Obtain the prerequisites as described above, and then you are ready to build. From an unpacked release tarball, run:

    $ ./configure
    $ make
    $ make check
    $ make install

By default make install will install into subdirectories of /usr/local. To change where things will get installed, use ./configure --prefix=/some/path.

Future directions

The ads-github-tools-0.3.2 release (October 2020) introduced the foundations for the long-wanted caching system. It delivers on the ability to conditionally retrieve objects "through the cache" using ETag: and If-None-Match: to pull full objects over the network only when necessary. It also delivers on the goal of being easy to use from shell scripts or even in an interactive shell.

Note that conditionally fetching objects as described also has the benefit of avoiding incurring unnecessary hits against the user's GitHub API rate limit. (Not sure where you stand? Try ads-github-show-rate-limits -h to find out!)

At the moment, the caching foundation is in place, and the ads-github-fetch-all-upstreams tool uses it to good effect. But at the moment it is the only tool that does so. Others will be enhanced, as well, in upcoming releases.
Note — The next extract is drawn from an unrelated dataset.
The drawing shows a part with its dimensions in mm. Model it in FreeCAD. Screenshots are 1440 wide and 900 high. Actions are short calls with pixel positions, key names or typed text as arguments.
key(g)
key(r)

My earlier thinking was that there will be three levels of tools:

  1. low-level tools that store and retrieve objects from the cache, and related

    • ads-github-cache update (similar in spirit to apt-get update and apt-file update)
    • ads-github-cache put KEY [VALUE]
    • ads-github-cache get KEY
    • ads-github-normalize-url
    • ads-github-hash-url

    In the above list, 'KEY' is likey a "normalized" url, or perhaps just any url (and the tools would normalize the url behind the scenes to produce the "key").
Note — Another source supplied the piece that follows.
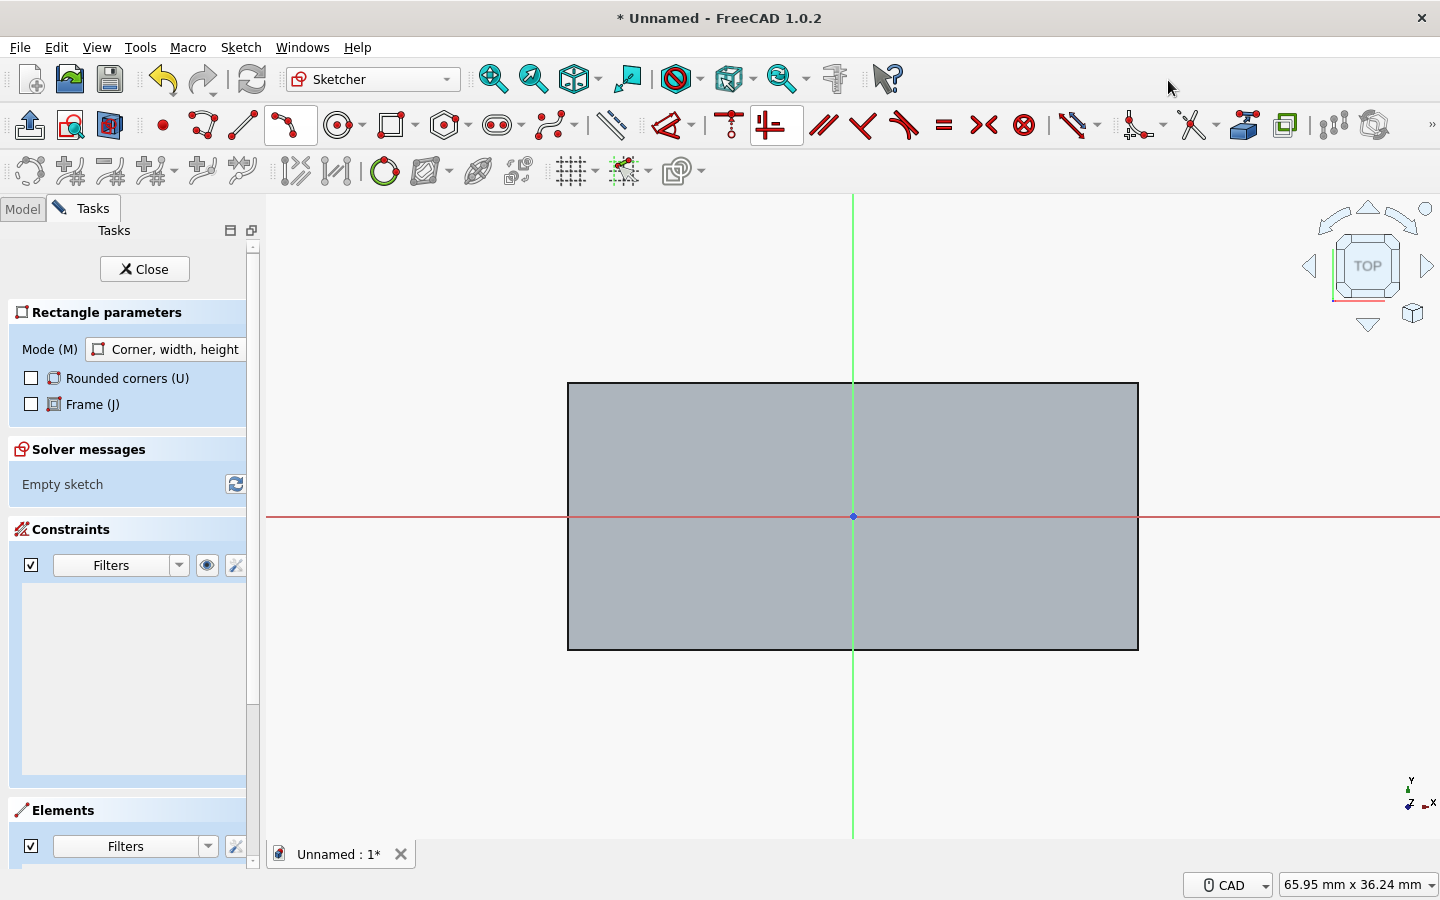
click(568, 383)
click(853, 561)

  2. mid-level tools that make use of the caching tools

    • ads-github-user-repos [--owner] [--repo] [--per-page=N] [--page=N]
    • ads-github-org-repos [--org] [--repo]...
    • ads-github-repos [--list-tags] [--list-branches] ...
    • ...
  3. high-level tools the build upon the first two levels above

    • ads-github-show-rate-limits
    • ads-github-fetch-all-upstreams
    • ads-github-merge-all-upstreams
    • ...

That does not seem like a terrible arrangement, but we have learned that there is value in allowing the high-level tools access the low-level cache directly.

License

GPLv2+: GNU GPL version 2 or later http://gnu.org/licenses/gpl.html

Unless otherwise stated by a different license notice in a particular file, all files in the `ads-github-tools' project are made available under the GNU GPL version 2, or (at your option) any later version.

See the COPYING file for the full license.

Copyright (C) 2016, 2017, 2019, 2020, 2021, 2022 Alan D. Salewski ads@salewski.email

This program is free software; you can redistribute it and/or modify
it under the terms of the GNU General Public License as published by
the Free Software Foundation; either version 2 of the License, or
(at your option) any later version.

This program is distributed in the hope that it will be useful,
but WITHOUT ANY WARRANTY; without even the implied warranty of
MERCHANTABILITY or FITNESS FOR A PARTICULAR PURPOSE.  See the
GNU General Public License for more details.

You should have received a copy of the GNU General Public License along
with this program; if not, write to the Free Software Foundation, Inc.,
51 Franklin Street, Fifth Floor, Boston, MA 02110-1301 USA.